Explanation of Parameters

  1. -d (Domain): Specifies the target domain for gathering information.

    • Example: example.com
    • -b (Data Sources): Defines the sources from which data will be fetched.
      Supported sources include:

    • shodan

    • crtsh
    • hackertarget
    • yahoo
    • duckduckgo
    • Many more…
    • Other Options:

    • -l: Limits the number of results to be fetched.

    • -f: Outputs the results to a file (e.g., HTML or JSON format).
    • -h: Displays help and usage information.

Basic Example

Command:

theHarvester -d example.com -b shodan

Description:

  • Collects emails, subdomains, and related information from Google for the domain example.com.

Advanced Example

Command:

theHarvester -d example.com -b shodan,linkedin,bing -l 100 -f results.html

Description:

  • -d example.com: Targets the domain example.com.
  • -b google,linkedin,bing: Uses Google, LinkedIn, and Bing as data sources.
  • -l 100: Limits the results to 100 entries per source.
  • -f results.html: Saves the output to an HTML file named results.html.

Common Use Cases

  1. Email Harvesting:

    • To collect email addresses for security testing or phishing simulations.
    • Example:

      theHarvester -d example.com -b shodan
      
  2. Subdomain Discovery:

    • Identifies subdomains of a target for further analysis.
    • Example:

      theHarvester -d example.com -b crtsh
      
  3. Employee Name Gathering:

    • Extracts employee names or contact information from sources like LinkedIn.
    • Example:

      theHarvester -d example.com -b linkedin
      

Output

The output typically includes:

  • Emails: user@example.com, admin@example.com
  • Subdomains: sub.example.com
  • IP Addresses: Associated IPs for the domain.
  • Other Information: Depending on the source, additional metadata may be included.

Best Practices

  1. Use Ethically: Always have permission before running theHarvester against a domain.
  2. Combine with Other Tools: Use theHarvester with tools like Nmap or dnsenum for more comprehensive reconnaissance.
  3. Limit Sources: Choose relevant sources to minimize irrelevant data.

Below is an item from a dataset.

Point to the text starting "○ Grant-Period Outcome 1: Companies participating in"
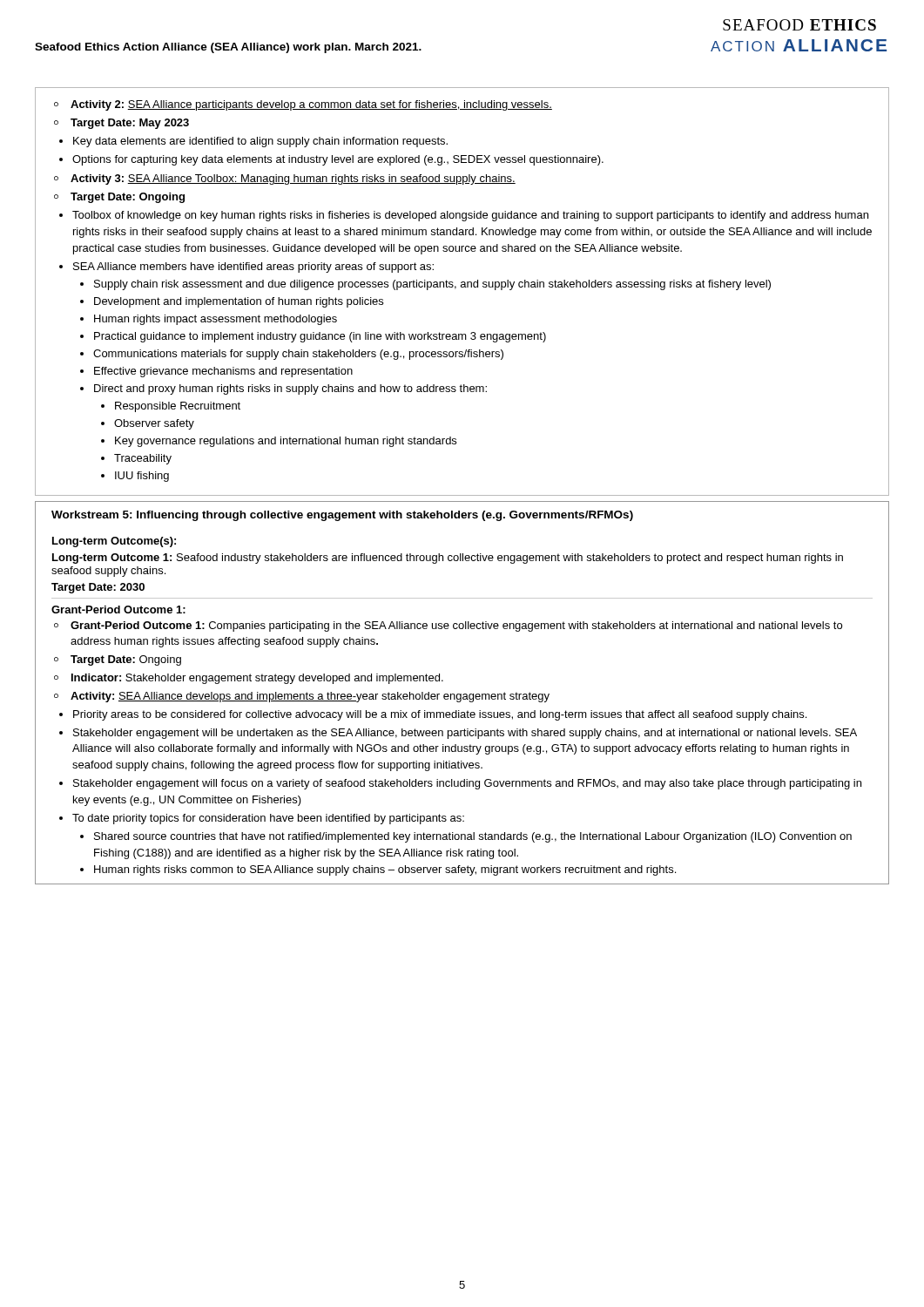pyautogui.click(x=462, y=748)

Common Data Sources for theHarvester

  • Bing: Similar to Google but can return different results.
  • Shodan: Identifies exposed services and devices.
  • crtsh: Certificate Transparency logs for subdomains.
  • Yahoo: Similar to Google and Bing.
  • DuckDuckGo: Privacy-focused search engine.

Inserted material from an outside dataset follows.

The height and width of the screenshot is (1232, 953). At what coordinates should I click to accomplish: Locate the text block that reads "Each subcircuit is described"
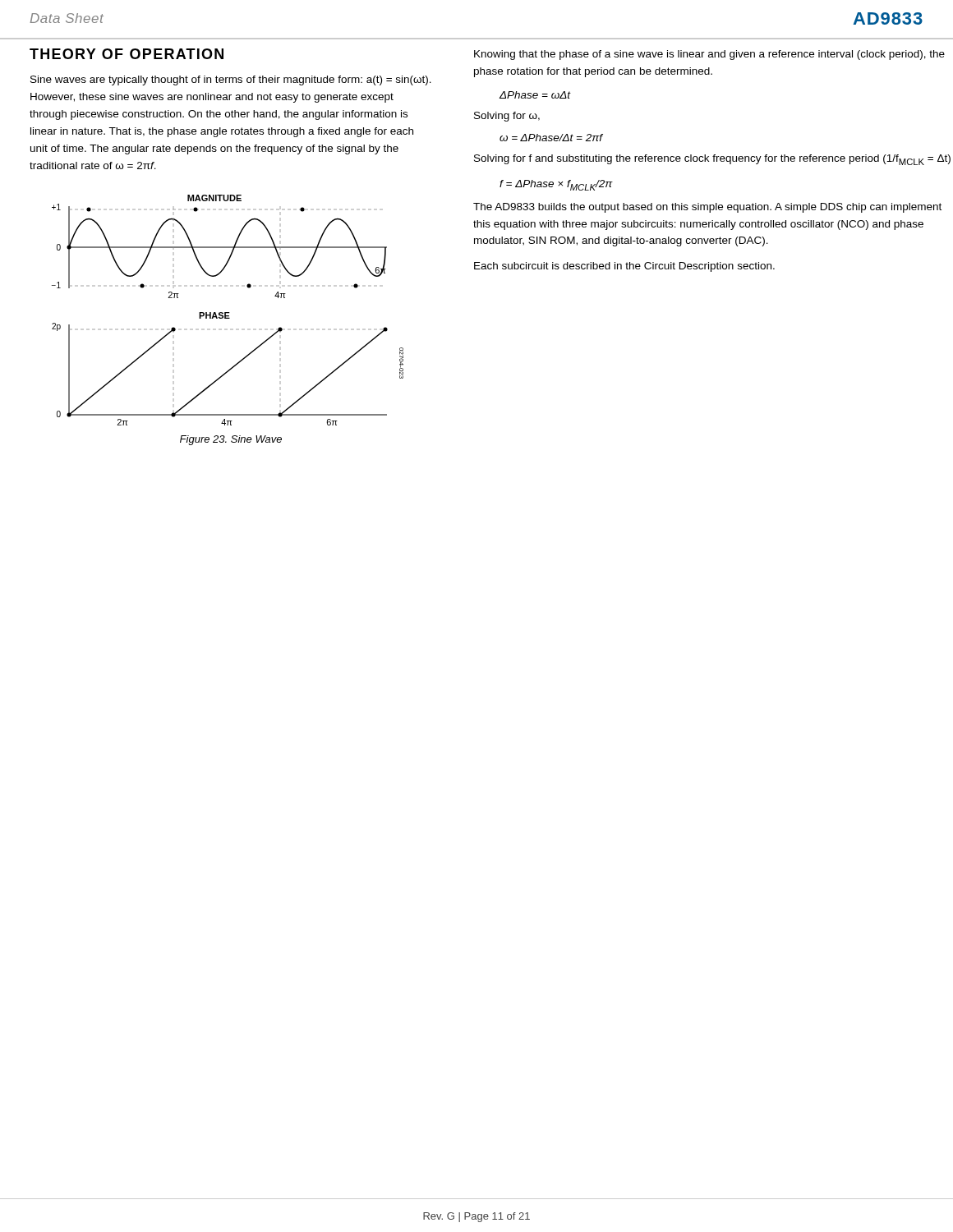624,266

Command to See All Supported Sources

theHarvester -h

Example Output

[-] Emails found:
    admin@example.com
    contact@example.com

[-] Hosts found:
    sub.example.com
    mail.example.com

[-] IPs found:
    192.168.1.1
    192.168.2.2

Important Notes

  • Ensure you comply with legal and ethical guidelines when using theHarvester.
  • Using LinkedIn and similar services may require additional authentication or APIs for advanced data collection.